*** Block opens ***

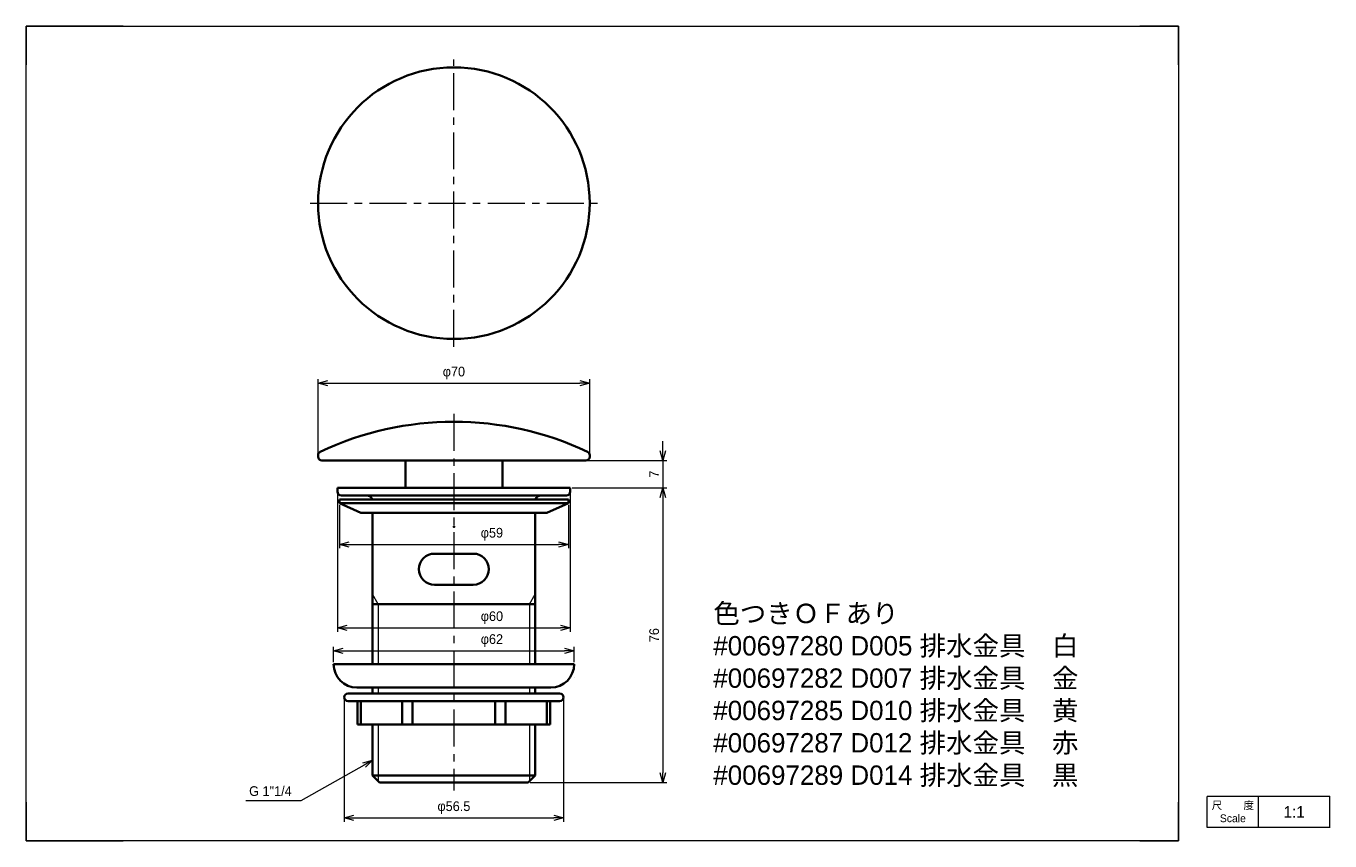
# Model space of a CAD drawing. Header units: millimetres. Extents: x 0 to 336, y 0 to 210.
import ezdxf
from ezdxf import colors
from ezdxf.entities.mleader import LeaderData, LeaderLine
from ezdxf.math import Vec2, Vec3

# ---------------------------------------------------------------- set-up
doc = ezdxf.new("R2010")
doc.units = ezdxf.units.MM
doc.header["$LTSCALE"] = 0.3
doc.linetypes.add('CENTER', pattern=[50.8, 31.75, -6.35, 6.35, -6.35])
doc.layers.add('HOJO', color=8, linetype='Continuous', lineweight=13, plot=False)
for name, color, linetype, lineweight in [('中心線', 4, 'CENTER', 18), ('実線', 3, 'Continuous', 35), ('寸法', 2, 'Continuous', 18), ('細線', 7, 'Continuous', 18)]:
    doc.layers.add(name, color=color, linetype=linetype, lineweight=lineweight)
doc.styles.add('MS Pゴシック', font='txt')
doc.styles.get("Standard").update_dxf_attribs({"font": 'txt.shx', "bigfont": 'bigfont.shx'})
doc.dimstyles.new('MyDim S＝1：1', dxfattribs={"dimtxt": 2.5, "dimasz": 2.5, "dimexe": 1, "dimexo": 0.5, "dimgap": 1, "dimtad": 3, "dimdsep": 46, "dimtxsty": 'MS Pゴシック', "dimblk": 'OPEN30', "dimcen": 0, "dimclrd": 256, "dimclre": 256, "dimclrt": 256, "dimazin": 2, "dimtfac": 1, "dimtmove": 0, "dimatfit": 3, "dimldrblk": 'OPEN30', "dimfxl": 1, "dimlwd": 18, "dimlwe": 18, "dimarcsym": 0})

# ---------------------------------------------------------------- blocks, each defined once
blk = doc.blocks.new('_Open30')
at = {"color": 0, "lineweight": -2}
for p, q in [((-1, 0.27), (0, 0)), ((0, 0), (-1, -0.27)), ((0, 0), (-1, 0))]:
    blk.add_line(p, q, dxfattribs=at)
blk = doc.blocks.new('*D11')
at = {"layer": 'Defpoints', "color": 0, "transparency": 16777216}
for p in [(145.25, 117.96), (75.25, 99.21), (145.25, 99.21)]:
    blk.add_point(p, dxfattribs=at)
at = {"layer": '寸法', "lineweight": 18, "transparency": 16777216}
for p, q in [((75.25, 99.71), (75.25, 118.96)), ((77.75, 117.96), (142.75, 117.96)), ((145.25, 99.71), (145.25, 118.96))]:
    blk.add_line(p, q, dxfattribs=at)
at = {"layer": '寸法', "lineweight": 18, "transparency": 16777216, "xscale": 2.5, "yscale": 2.5, "zscale": 2.5, "rotation": 180}
blk.add_blockref('_Open30', (75.25, 117.96), dxfattribs=at)
at = {"layer": '寸法', "lineweight": 18, "transparency": 16777216, "xscale": 2.5, "yscale": 2.5, "zscale": 2.5}
blk.add_blockref('_Open30', (145.25, 117.96), dxfattribs=at)
at = {"layer": '寸法', "transparency": 16777216, "insert": (110.25, 120.59), "char_height": 2.5, "attachment_point": 5, "style": 'MS Pゴシック'}
blk.add_mtext('φ70', dxfattribs=at)
blk = doc.blocks.new('*D12')
at = {"layer": 'Defpoints', "color": 0, "transparency": 16777216}
for p in [(80.75, 87.03), (139.75, 87.03), (139.75, 76.42)]:
    blk.add_point(p, dxfattribs=at)
at = {"layer": '寸法', "lineweight": 18, "transparency": 16777216}
for p, q in [((80.75, 86.53), (80.75, 75.42)), ((139.75, 86.53), (139.75, 75.42)), ((83.25, 76.42), (137.25, 76.42))]:
    blk.add_line(p, q, dxfattribs=at)
at = {"layer": '寸法', "lineweight": 18, "transparency": 16777216, "xscale": 2.5, "yscale": 2.5, "zscale": 2.5, "rotation": 180}
blk.add_blockref('_Open30', (80.75, 76.42), dxfattribs=at)
at = {"layer": '寸法', "lineweight": 18, "transparency": 16777216, "xscale": 2.5, "yscale": 2.5, "zscale": 2.5}
blk.add_blockref('_Open30', (139.75, 76.42), dxfattribs=at)
at = {"layer": '寸法', "transparency": 16777216, "insert": (120.05, 79.05), "char_height": 2.5, "attachment_point": 5, "style": 'MS Pゴシック'}
blk.add_mtext('φ59', dxfattribs=at)
blk = doc.blocks.new('*D13')
at = {"layer": 'Defpoints', "color": 0, "transparency": 16777216}
for p in [(80.25, 90.03), (140.25, 90.03), (140.25, 54.92)]:
    blk.add_point(p, dxfattribs=at)
at = {"layer": '寸法', "lineweight": 18, "transparency": 16777216}
for p, q in [((80.25, 89.53), (80.25, 53.92)), ((140.25, 89.53), (140.25, 53.92)), ((82.75, 54.92), (137.75, 54.92))]:
    blk.add_line(p, q, dxfattribs=at)
at = {"layer": '寸法', "lineweight": 18, "transparency": 16777216, "xscale": 2.5, "yscale": 2.5, "zscale": 2.5, "rotation": 180}
blk.add_blockref('_Open30', (80.25, 54.92), dxfattribs=at)
at = {"layer": '寸法', "lineweight": 18, "transparency": 16777216, "xscale": 2.5, "yscale": 2.5, "zscale": 2.5}
blk.add_blockref('_Open30', (140.25, 54.92), dxfattribs=at)
at = {"layer": '寸法', "transparency": 16777216, "insert": (120.05, 57.54), "char_height": 2.5, "attachment_point": 5, "style": 'MS Pゴシック'}
blk.add_mtext('φ60', dxfattribs=at)
blk = doc.blocks.new('*D14')
at = {"layer": 'Defpoints', "color": 0, "transparency": 16777216}
for p in [(141.25, 49.02), (79.25, 45.53), (141.25, 45.53)]:
    blk.add_point(p, dxfattribs=at)
at = {"layer": '寸法', "lineweight": 18, "transparency": 16777216}
for p, q in [((79.25, 46.03), (79.25, 50.02)), ((81.75, 49.02), (138.75, 49.02)), ((141.25, 46.03), (141.25, 50.02))]:
    blk.add_line(p, q, dxfattribs=at)
at = {"layer": '寸法', "lineweight": 18, "transparency": 16777216, "xscale": 2.5, "yscale": 2.5, "zscale": 2.5, "rotation": 180}
blk.add_blockref('_Open30', (79.25, 49.02), dxfattribs=at)
at = {"layer": '寸法', "lineweight": 18, "transparency": 16777216, "xscale": 2.5, "yscale": 2.5, "zscale": 2.5}
blk.add_blockref('_Open30', (141.25, 49.02), dxfattribs=at)
at = {"layer": '寸法', "transparency": 16777216, "insert": (120.05, 51.64), "char_height": 2.5, "attachment_point": 5, "style": 'MS Pゴシック'}
blk.add_mtext('φ62', dxfattribs=at)
blk = doc.blocks.new('*D15')
at = {"layer": 'Defpoints', "color": 0, "transparency": 16777216}
for p in [(82, 37.03), (138.5, 37.03), (138.5, 5.95)]:
    blk.add_point(p, dxfattribs=at)
at = {"layer": '寸法', "lineweight": 18, "transparency": 16777216}
for p, q in [((82, 36.53), (82, 4.95)), ((138.5, 36.53), (138.5, 4.95)), ((84.5, 5.95), (136, 5.95))]:
    blk.add_line(p, q, dxfattribs=at)
at = {"layer": '寸法', "lineweight": 18, "transparency": 16777216, "xscale": 2.5, "yscale": 2.5, "zscale": 2.5, "rotation": 180}
blk.add_blockref('_Open30', (82, 5.95), dxfattribs=at)
at = {"layer": '寸法', "lineweight": 18, "transparency": 16777216, "xscale": 2.5, "yscale": 2.5, "zscale": 2.5}
blk.add_blockref('_Open30', (138.5, 5.95), dxfattribs=at)
at = {"layer": '寸法', "transparency": 16777216, "insert": (110.25, 8.57), "char_height": 2.5, "attachment_point": 5, "style": 'MS Pゴシック'}
blk.add_mtext('φ56.5', dxfattribs=at)
blk = doc.blocks.new('*D16')
at = {"layer": 'Defpoints', "color": 0, "transparency": 16777216}
for p in [(144.25, 98.03), (140.21, 91.03), (164.12, 91.03)]:
    blk.add_point(p, dxfattribs=at)
at = {"layer": '寸法', "lineweight": 18, "transparency": 16777216}
for p, q in [((164.12, 100.53), (164.12, 103.03)), ((144.75, 98.03), (165.12, 98.03)), ((164.12, 98.03), (164.12, 91.03)), ((140.71, 91.03), (165.12, 91.03)), ((164.12, 88.53), (164.12, 86.03))]:
    blk.add_line(p, q, dxfattribs=at)
at = {"layer": '寸法', "lineweight": 18, "transparency": 16777216, "xscale": 2.5, "yscale": 2.5, "zscale": 2.5}
for p, rotation in [((164.12, 98.03), 270), ((164.12, 91.03), 90)]:
    blk.add_blockref('_Open30', p, dxfattribs=dict(at, rotation=rotation))
at = {"layer": '寸法', "transparency": 16777216, "insert": (161.87, 94.53), "char_height": 2.5, "attachment_point": 5, "rotation": 90, "style": 'MS Pゴシック'}
blk.add_mtext('7', dxfattribs=at)
blk = doc.blocks.new('*D17')
at = {"layer": 'Defpoints', "color": 0, "transparency": 16777216}
for p in [(140.21, 91.03), (129.4, 15.03), (164.12, 15.03)]:
    blk.add_point(p, dxfattribs=at)
at = {"layer": '寸法', "lineweight": 18, "transparency": 16777216}
for p, q in [((140.71, 91.03), (165.12, 91.03)), ((164.12, 88.53), (164.12, 17.53)), ((129.9, 15.03), (165.12, 15.03))]:
    blk.add_line(p, q, dxfattribs=at)
at = {"layer": '寸法', "lineweight": 18, "transparency": 16777216, "xscale": 2.5, "yscale": 2.5, "zscale": 2.5}
for p, rotation in [((164.12, 91.03), 90), ((164.12, 15.03), 270)]:
    blk.add_blockref('_Open30', p, dxfattribs=dict(at, rotation=rotation))
at = {"layer": '寸法', "transparency": 16777216, "insert": (161.87, 53.03), "char_height": 2.5, "attachment_point": 5, "rotation": 90, "style": 'MS Pゴシック'}
blk.add_mtext('76', dxfattribs=at)

msp = doc.modelspace()

# ---------------------------------------------------------------- linework, layer by layer
at = {"layer": 'Defpoints'}
for p, q in [((0, 210), (25, 210)), ((0, 200), (0, 210)), ((287, 210), (297, 210)), ((297, 210), (297, 200)), ((0, 0), (0, 10)), ((297, 10), (297, 0)), ((0, 0), (25, 0)), ((297, 0), (287, 0))]:
    msp.add_line(p, q, dxfattribs=at)
at = {"layer": 'HOJO'}
for p, q in [((25, 210), (287, 210)), ((0, 10), (0, 200)), ((297, 200), (297, 10)), ((336.017, 11.482), (304.392, 11.482)), ((336.017, 3.381), (336.017, 11.528)), ((336.017, 3.482), (304.392, 3.482)), ((287, 0), (25, 0))]:
    msp.add_line(p, q, dxfattribs=at)
at = {"layer": 'HOJO', "lineweight": 20}
for p, q in [((304.392, 3.482), (304.392, 11.482)), ((317.614, 3.482), (317.614, 11.482))]:
    msp.add_line(p, q, dxfattribs=at)
at = {"layer": '中心線'}
for p, q in [((110.248, 127.365), (110.248, 201.365)), ((73.248, 164.365), (147.248, 164.365)), ((110.248, 110.028), (110.248, 13.028))]:
    msp.add_line(p, q, dxfattribs=at)
at = {"layer": '実線'}
for p, q in [((75.248, 99.398), (75.248, 99.028)), ((76.248, 98.028), (144.248, 98.028)), ((97.748, 98.028), (97.748, 91.028)), ((122.748, 98.028), (122.748, 91.028)), ((145.248, 99.398), (145.248, 99.028)), ((80.248, 91.028), (140.248, 91.028)), ((80.248, 91.028), (80.248, 90.028)), ((140.248, 91.028), (140.248, 90.028)), ((80.748, 88.028), (139.748, 88.028)), ((80.748, 88.028), (80.748, 87.028)), ((81.248, 89.028), (139.248, 89.028)), ((139.748, 88.028), (139.748, 87.028)), ((80.748, 87.028), (139.748, 87.028)), ((80.748, 87.028), (86.248, 84.528)), ((86.248, 84.528), (134.248, 84.528)), ((89.293, 84.528), (89.293, 45.528)), ((131.203, 84.528), (131.203, 45.528)), ((139.748, 87.028), (134.248, 84.528)), ((105.248, 74.028), (115.248, 74.028)), ((105.248, 66.028), (115.248, 66.028)), ((89.293, 61.028), (131.203, 61.028)), ((79.248, 45.528), (141.248, 45.528)), ((141.248, 42.028), (141.248, 42.028)), ((82.998, 38.028), (137.498, 38.028)), ((85.248, 39.528), (135.248, 39.528)), ((89.293, 39.528), (89.293, 38.028)), ((131.203, 39.528), (131.203, 38.028)), ((82.998, 36.028), (137.498, 36.028)), ((85.422, 30.028), (85.422, 36.028)), ((86.248, 30.028), (86.248, 36.028)), ((96.961, 30.028), (96.961, 36.028)), ((99.583, 30.028), (99.583, 36.028)), ((120.913, 30.028), (120.913, 36.028)), ((123.535, 30.028), (123.535, 36.028)), ((134.248, 30.028), (134.248, 36.028)), ((135.074, 30.028), (135.074, 36.028)), ((85.422, 30.028), (135.074, 30.028)), ((89.293, 30.028), (89.293, 16.828)), ((131.203, 30.028), (131.203, 16.828)), ((91.093, 15.028), (89.293, 16.828)), ((89.293, 16.828), (131.203, 16.828)), ((129.403, 15.028), (131.203, 16.828)), ((91.093, 15.028), (129.403, 15.028))]:
    msp.add_line(p, q, dxfattribs=at)
for centre, radius, start, end in [((110.248, 164.365), 35, 0, 359.99999), ((110.248, 27.466), 80.562, 64.70132, 115.29868), ((76.248, 99.398), 1, 115.29868, 179.99999), ((76.248, 99.028), 1, 180, 270), ((144.248, 99.028), 1, 270, 0), ((144.248, 99.398), 1, 0, 64.70132), ((81.248, 90.028), 1, 180, 270), ((87.793, 87.528), 1.5, 19.47122, 90), ((132.703, 87.528), 1.5, 90, 160.52878), ((139.248, 90.028), 1, 270, 0), ((105.248, 70.028), 4, 90, 269.99999), ((115.248, 70.028), 4, 270, 90), ((85.248, 45.528), 6, 180, 270), ((135.248, 45.528), 6, 270, 0), ((82.998, 37.028), 1, 90, 269.99999), ((137.498, 37.028), 1, 270, 90)]:
    msp.add_arc(centre, radius, start, end, dxfattribs=at)
for p in [(110.248, 81.028), (110.248, 61.028)]:
    msp.add_point(p, dxfattribs=at)
at = {"layer": '細線'}
for p, q in [((90.772, 61.028), (89.293, 63.59)), ((90.772, 61.028), (90.772, 45.528)), ((129.724, 61.028), (131.203, 63.59)), ((129.724, 61.028), (129.724, 45.528)), ((90.772, 39.528), (90.772, 38.028)), ((129.724, 39.528), (129.724, 38.028)), ((90.772, 30.028), (90.772, 15.349)), ((129.724, 30.028), (129.724, 15.349))]:
    msp.add_line(p, q, dxfattribs=at)

# ---------------------------------------------------------------- texts
for s, insert, char_height, width, attachment_point in [('{\\fMS UI Gothic|b0|i0|c128|p50;色つきＯＦあり\\P#00697280 D005 排水金具\u3000白\\P#00697282 D007 排水金具\u3000金\\P#00697285 D010 排水金具\u3000黄\\P#00697287 D012 排水金具\u3000赤\\P#00697289 D014 排水金具\u3000黒}', (177.111, 37.509), 5, 119.19697, 4), ('{\\fMS UI Gothic|b0|i0|c128|p50;尺\u3000\u3000度Scale}', (311.003, 7.482), 2, 13.22196, 5), ('{\\fMS PMincho|b0|i0|c128|p18;1:1}', (326.816, 7.482), 3, 18.40286, 5)]:
    msp.add_mtext(s, dxfattribs=dict(at, insert=insert, char_height=char_height, width=width, attachment_point=attachment_point))

# ---------------------------------------------------------------- dimensions: what is measured, and where the dimension line sits
at = {"layer": '寸法'}
for base, p1, p2, picture, middle in [((145.248, 117.959), (75.248, 99.213), (145.248, 99.213), '*D11', (110.248, 120.585)), ((138.498, 5.948), (81.998, 37.028), (138.498, 37.028), '*D15', (110.248, 8.574))]:
    dim = msp.add_linear_dim(base=base, p1=p1, p2=p2, dimstyle='MyDim S＝1：1', override={"dimpost": 'φ<>'}, dxfattribs=at)
    dim.commit()
    dim.dimension.update_dxf_attribs({"geometry": picture, "text_midpoint": middle})
dim = msp.add_linear_dim(base=(164.124, 91.028), p1=(144.248, 98.028), p2=(140.206, 91.028), angle=90, dimstyle='MyDim S＝1：1', dxfattribs=at)
dim.commit()
dim.dimension.update_dxf_attribs({"geometry": '*D16', "text_midpoint": (161.874, 94.528)})
dim = msp.add_linear_dim(base=(164.124, 15.028), p1=(140.206, 91.028), p2=(129.403, 15.028), angle=90, dimstyle='MyDim S＝1：1', override={"dimtmove": 1}, dxfattribs=at)
dim.commit()
dim.dimension.update_dxf_attribs({"geometry": '*D17', "text_midpoint": (161.874, 53.028)})
for base, p1, p2, picture, middle in [((140.248, 54.916), (80.248, 90.028), (140.248, 90.028), '*D13', (120.05, 54.916)), ((139.748, 76.424), (80.748, 87.028), (139.748, 87.028), '*D12', (120.05, 76.424)), ((141.248, 49.016), (79.248, 45.528), (141.248, 45.528), '*D14', (120.05, 49.016))]:
    dim = msp.add_linear_dim(base=base, p1=p1, p2=p2, dimstyle='MyDim S＝1：1', override={"dimpost": 'φ<>'}, dxfattribs=at)
    dim.commit()
    dim.dimension.update_dxf_attribs({"geometry": picture, "text_midpoint": middle, "dimtype": 160})

# ---------------------------------------------------------------- leaders
ml = msp.add_multileader_mtext('Standard', dxfattribs=at)
ml.set_content('G 1"1/4', color=256, style='MS Pゴシック')
ml.set_leader_properties(lineweight=18)
ml.set_arrow_properties(name='OPEN30')
ml.build(insert=Vec2(0, 0))
ml.multileader.update_dxf_attribs({"text_left_attachment_type": 5, "text_right_attachment_type": 5, "dogleg_length": 0.36, "arrow_head_size": 2.5})
ctx = ml.context
ctx.base_point, ctx.char_height, ctx.arrow_head_size, ctx.plane_origin = Vec3(54.132, 10.374), 2.5, 2.5, Vec3(89.293, 20.789)
ctx.left_attachment, ctx.right_attachment, ctx.text_align_type = 5, 5, 2
notes = []
notes.append((ctx, [(0, (1, 1, 0), (70.821, 10.374), (-1, 0), 0.36, [(0, [(89.293, 20.789)], 0, [])])]))
ctx.mtext.insert, ctx.mtext.alignment, ctx.mtext.line_spacing_style, ctx.mtext.flow_direction = Vec3(68.461, 14.093), 3, 2, 5
for ctx, leaders in notes:
    for number, flags, end, landing, length, lines in leaders:
        leader = LeaderData()
        leader.index, (leader.has_last_leader_line, leader.has_dogleg_vector, leader.attachment_direction) = number, flags
        leader.last_leader_point, leader.dogleg_vector, leader.dogleg_length = Vec3(end), Vec3(landing), length
        for number, points, colour, breaks in lines:
            line = LeaderLine()
            line.index, line.vertices, line.color, line.breaks = number, Vec3.list(points), colors.encode_raw_color(colour), breaks
            leader.lines.append(line)
        ctx.leaders.append(leader)

doc.saveas('drawing.dxf')

*** Block closes ***

## Exercise prompt
Task for the records above: copy every line in which the word "name" occurs.

## Response box
for name, color, linetype, lineweight in [('中心線', 4, 'CENTER', 18), ('実線', 3, 'Continuous', 35), ('寸法', 2, 'Continuous', 18), ('細線', 7, 'Continuous', 18)]:
    doc.layers.add(name, color=color, linetype=linetype, lineweight=lineweight)
ml.set_arrow_properties(name='OPEN30')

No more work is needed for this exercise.